Allein die Tatsache, daß kein geringerer als Superstar Michael Jordan neben der lieblichen Überzeugungskraft harter Dollar in diese freiwillige Niederlagenserie eingewilligt hat, zeigt den Stellenwert, den die für viele weltbeste Fußballerin in ihrer Heimat genießt. Sie ist das Gesicht, mit dessen Hilfe die Sponsoren Fußball in den USA zum endgültigen Durchbruch verhelfen möchten - und das nicht von ungefähr: Mia Hamm führt ein Team, das im Gegensatz zu dem der amerikanischen Männern absolute Weltklasse ist und bei den beiden bisherigen Spielen der Frauen-WM gegen Dänemark (3:0) und Nigeria (7:1) begeisternden Fußball zeigte.

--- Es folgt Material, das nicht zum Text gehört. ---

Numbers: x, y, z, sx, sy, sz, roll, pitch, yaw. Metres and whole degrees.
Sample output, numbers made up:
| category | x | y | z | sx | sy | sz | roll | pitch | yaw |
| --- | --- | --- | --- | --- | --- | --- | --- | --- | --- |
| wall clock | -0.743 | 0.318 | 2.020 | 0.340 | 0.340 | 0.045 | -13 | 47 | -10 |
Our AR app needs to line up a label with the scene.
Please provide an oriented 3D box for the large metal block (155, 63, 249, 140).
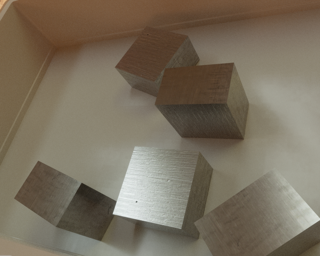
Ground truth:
| category | x | y | z | sx | sy | sz | roll | pitch | yaw |
| --- | --- | --- | --- | --- | --- | --- | --- | --- | --- |
| large metal block | 0.052 | -0.028 | 0.360 | 0.080 | 0.080 | 0.050 | 1 | 62 | 29 |

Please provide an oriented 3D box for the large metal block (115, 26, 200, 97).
| category | x | y | z | sx | sy | sz | roll | pitch | yaw |
| --- | --- | --- | --- | --- | --- | --- | --- | --- | --- |
| large metal block | -0.003 | -0.094 | 0.449 | 0.080 | 0.050 | 0.080 | 26 | 76 | 37 |

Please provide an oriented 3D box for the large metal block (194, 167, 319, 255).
| category | x | y | z | sx | sy | sz | roll | pitch | yaw |
| --- | --- | --- | --- | --- | --- | --- | --- | --- | --- |
| large metal block | 0.088 | 0.090 | 0.269 | 0.080 | 0.080 | 0.050 | -36 | 51 | 4 |

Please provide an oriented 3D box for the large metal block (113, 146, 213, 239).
| category | x | y | z | sx | sy | sz | roll | pitch | yaw |
| --- | --- | --- | --- | --- | --- | --- | --- | --- | --- |
| large metal block | 0.006 | 0.069 | 0.344 | 0.080 | 0.050 | 0.080 | 3 | 63 | 29 |

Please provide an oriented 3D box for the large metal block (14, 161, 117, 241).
| category | x | y | z | sx | sy | sz | roll | pitch | yaw |
| --- | --- | --- | --- | --- | --- | --- | --- | --- | --- |
| large metal block | -0.109 | 0.088 | 0.374 | 0.080 | 0.080 | 0.050 | 16 | 71 | 34 |
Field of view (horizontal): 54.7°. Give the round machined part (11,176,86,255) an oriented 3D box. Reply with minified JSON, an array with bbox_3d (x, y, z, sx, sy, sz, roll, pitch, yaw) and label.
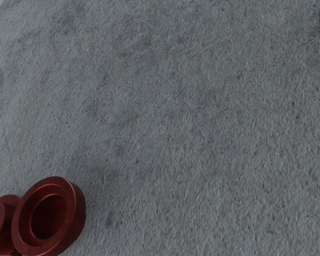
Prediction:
[{"bbox_3d":[-0.135,0.115,0.394,0.098,0.042,0.098,-13,56,21],"label":"round machined part"}]

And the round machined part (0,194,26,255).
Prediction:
[{"bbox_3d":[-0.224,0.138,0.426,0.098,0.042,0.098,-13,56,21],"label":"round machined part"}]
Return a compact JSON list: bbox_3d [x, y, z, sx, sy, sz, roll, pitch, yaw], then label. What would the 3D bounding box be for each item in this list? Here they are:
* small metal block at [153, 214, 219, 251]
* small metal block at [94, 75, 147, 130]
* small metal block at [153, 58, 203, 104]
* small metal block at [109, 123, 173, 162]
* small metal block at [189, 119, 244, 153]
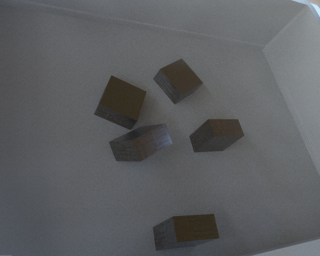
[{"bbox_3d":[0.027,0.113,0.335,0.050,0.050,0.025,5,60,-26],"label":"small metal block"},{"bbox_3d":[-0.050,-0.032,0.398,0.050,0.025,0.050,24,53,-14],"label":"small metal block"},{"bbox_3d":[0.027,-0.070,0.463,0.050,0.025,0.050,-34,81,-38],"label":"small metal block"},{"bbox_3d":[-0.023,0.017,0.363,0.050,0.050,0.025,-27,103,-37],"label":"small metal block"},{"bbox_3d":[0.077,0.011,0.424,0.050,0.050,0.025,0,62,-29],"label":"small metal block"}]
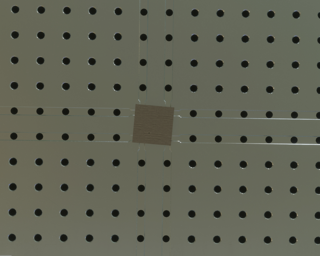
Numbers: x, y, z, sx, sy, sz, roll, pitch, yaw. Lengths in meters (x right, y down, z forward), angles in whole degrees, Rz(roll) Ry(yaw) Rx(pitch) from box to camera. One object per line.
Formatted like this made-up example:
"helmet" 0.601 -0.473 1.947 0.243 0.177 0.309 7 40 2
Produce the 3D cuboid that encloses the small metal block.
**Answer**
"small metal block" -0.009 -0.004 0.413 0.050 0.025 0.050 5 90 -1
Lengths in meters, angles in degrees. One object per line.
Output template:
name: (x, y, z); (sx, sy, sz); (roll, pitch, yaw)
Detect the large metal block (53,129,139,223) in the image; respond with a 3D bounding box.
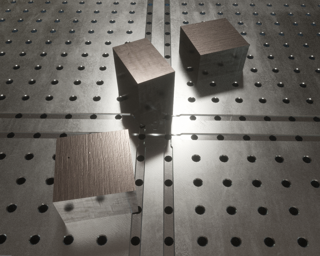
large metal block: (-0.070, 0.052, 0.346); (0.081, 0.050, 0.080); (-7, 51, -6)

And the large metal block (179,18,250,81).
large metal block: (0.084, -0.129, 0.501); (0.081, 0.050, 0.080); (-15, 52, -12)

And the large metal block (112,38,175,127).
large metal block: (-0.022, -0.063, 0.424); (0.050, 0.080, 0.080); (-22, 54, -17)
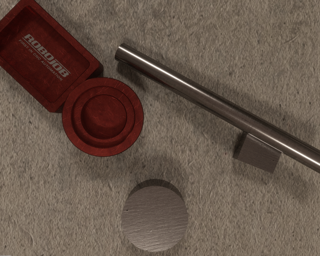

Hamm hat entschieden mehr Sex-Appeal als ein Gerd Müller, führt den Ball eleganter als Oliver Bierhoff und jubelt genauso schön und telegen wie Jürgen Klinsmann. Dazu pflastern Titel, Tore und Rekorde ihre Laufbahn: Bereits mit 15 spielte sie im Nationalteam - ebenso Weltrekord auch bei den Männern sind die 111 Tore, die sie in 148 Länderspiel-Einsätzen erzielt hat. Mia Hamm wurde 1991 Weltmeisterin, 1995 WM-Dritte, 1996 Olympiasiegerin. Fünfmal in Folge wurde sie zur Fußballerin, dreimal sogar zum besten "Gesamt-Fußballer " des Jahres gewählt. Sie gewann vier College-Meisterschaften mit der Universität von North Carolina, auf der übrigens auch Michael Jordan studiert und gespielt hat.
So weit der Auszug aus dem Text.